━━━━━ Dataset ━━━━━

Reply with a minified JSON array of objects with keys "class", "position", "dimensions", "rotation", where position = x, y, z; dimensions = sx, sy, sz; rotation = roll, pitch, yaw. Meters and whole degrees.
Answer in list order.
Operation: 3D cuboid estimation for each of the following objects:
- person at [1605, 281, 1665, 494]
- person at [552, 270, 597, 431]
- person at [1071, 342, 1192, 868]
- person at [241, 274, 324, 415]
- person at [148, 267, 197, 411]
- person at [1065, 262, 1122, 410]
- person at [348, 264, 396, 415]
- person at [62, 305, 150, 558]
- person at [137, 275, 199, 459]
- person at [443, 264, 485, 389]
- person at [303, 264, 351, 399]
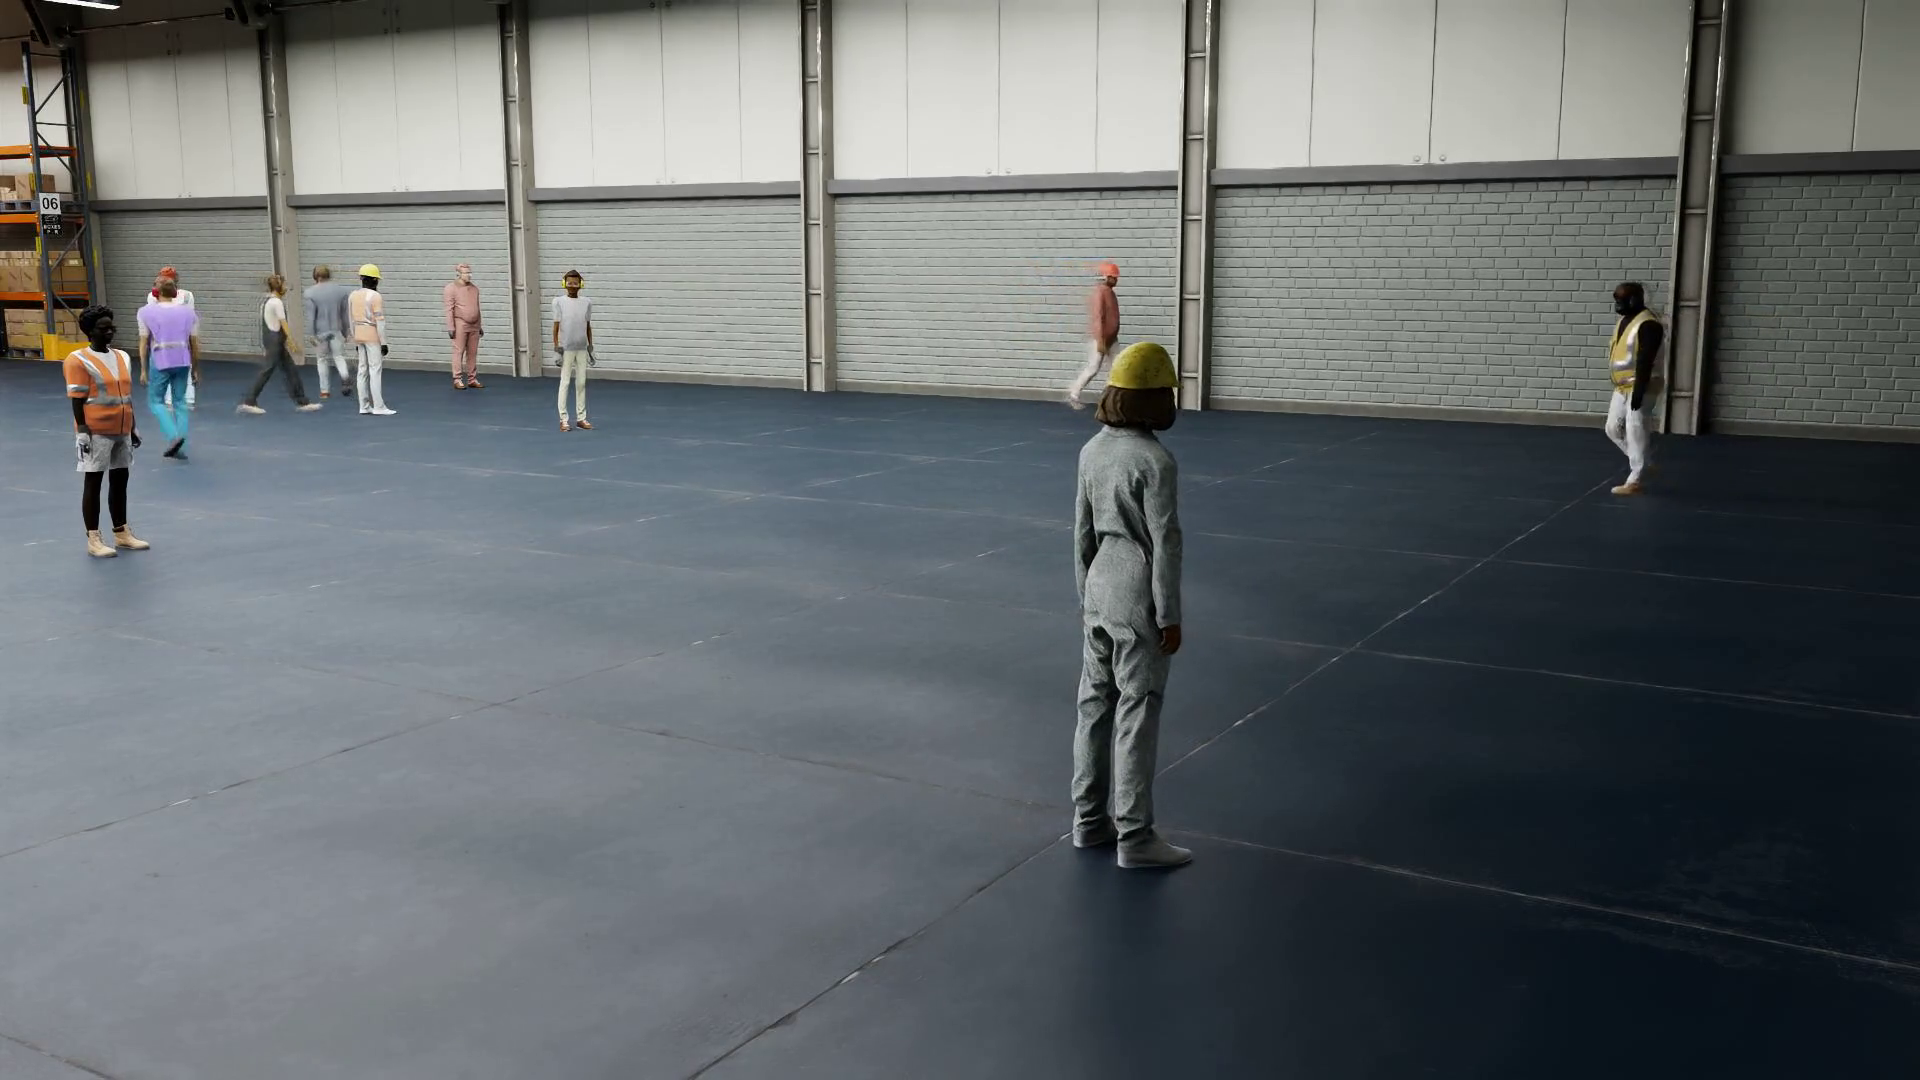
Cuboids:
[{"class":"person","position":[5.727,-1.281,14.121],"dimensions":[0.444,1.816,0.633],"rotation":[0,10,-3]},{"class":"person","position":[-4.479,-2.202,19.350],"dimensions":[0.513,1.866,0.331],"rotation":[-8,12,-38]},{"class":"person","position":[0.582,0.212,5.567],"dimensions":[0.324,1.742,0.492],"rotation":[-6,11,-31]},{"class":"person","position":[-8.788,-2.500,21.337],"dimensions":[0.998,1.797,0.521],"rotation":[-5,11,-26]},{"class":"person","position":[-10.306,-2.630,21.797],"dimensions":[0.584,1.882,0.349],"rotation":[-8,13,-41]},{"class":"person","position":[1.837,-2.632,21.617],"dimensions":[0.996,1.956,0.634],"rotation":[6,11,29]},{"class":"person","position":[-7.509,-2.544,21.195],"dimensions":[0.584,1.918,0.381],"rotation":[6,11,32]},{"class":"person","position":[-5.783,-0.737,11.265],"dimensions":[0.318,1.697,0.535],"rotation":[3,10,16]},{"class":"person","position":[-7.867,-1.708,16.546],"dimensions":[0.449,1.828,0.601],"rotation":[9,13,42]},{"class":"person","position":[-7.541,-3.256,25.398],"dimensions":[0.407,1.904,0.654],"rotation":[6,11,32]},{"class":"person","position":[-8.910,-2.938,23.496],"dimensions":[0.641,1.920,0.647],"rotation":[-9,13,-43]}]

━━━━━

§ Task item: Could you copy the lines above exactly and skip the images?

§ Answer to the problem:
Reply with a minified JSON array of objects with keys "class", "position", "dimensions", "rotation", where position = x, y, z; dimensions = sx, sy, sz; rotation = roll, pitch, yaw. Meters and whole degrees.
Answer in list order.
Operation: 3D cuboid estimation for each of the following objects:
- person at [1605, 281, 1665, 494]
- person at [552, 270, 597, 431]
- person at [1071, 342, 1192, 868]
- person at [241, 274, 324, 415]
- person at [148, 267, 197, 411]
- person at [1065, 262, 1122, 410]
- person at [348, 264, 396, 415]
- person at [62, 305, 150, 558]
- person at [137, 275, 199, 459]
- person at [443, 264, 485, 389]
- person at [303, 264, 351, 399]
Cuboids:
[{"class":"person","position":[5.727,-1.281,14.121],"dimensions":[0.444,1.816,0.633],"rotation":[0,10,-3]},{"class":"person","position":[-4.479,-2.202,19.350],"dimensions":[0.513,1.866,0.331],"rotation":[-8,12,-38]},{"class":"person","position":[0.582,0.212,5.567],"dimensions":[0.324,1.742,0.492],"rotation":[-6,11,-31]},{"class":"person","position":[-8.788,-2.500,21.337],"dimensions":[0.998,1.797,0.521],"rotation":[-5,11,-26]},{"class":"person","position":[-10.306,-2.630,21.797],"dimensions":[0.584,1.882,0.349],"rotation":[-8,13,-41]},{"class":"person","position":[1.837,-2.632,21.617],"dimensions":[0.996,1.956,0.634],"rotation":[6,11,29]},{"class":"person","position":[-7.509,-2.544,21.195],"dimensions":[0.584,1.918,0.381],"rotation":[6,11,32]},{"class":"person","position":[-5.783,-0.737,11.265],"dimensions":[0.318,1.697,0.535],"rotation":[3,10,16]},{"class":"person","position":[-7.867,-1.708,16.546],"dimensions":[0.449,1.828,0.601],"rotation":[9,13,42]},{"class":"person","position":[-7.541,-3.256,25.398],"dimensions":[0.407,1.904,0.654],"rotation":[6,11,32]},{"class":"person","position":[-8.910,-2.938,23.496],"dimensions":[0.641,1.920,0.647],"rotation":[-9,13,-43]}]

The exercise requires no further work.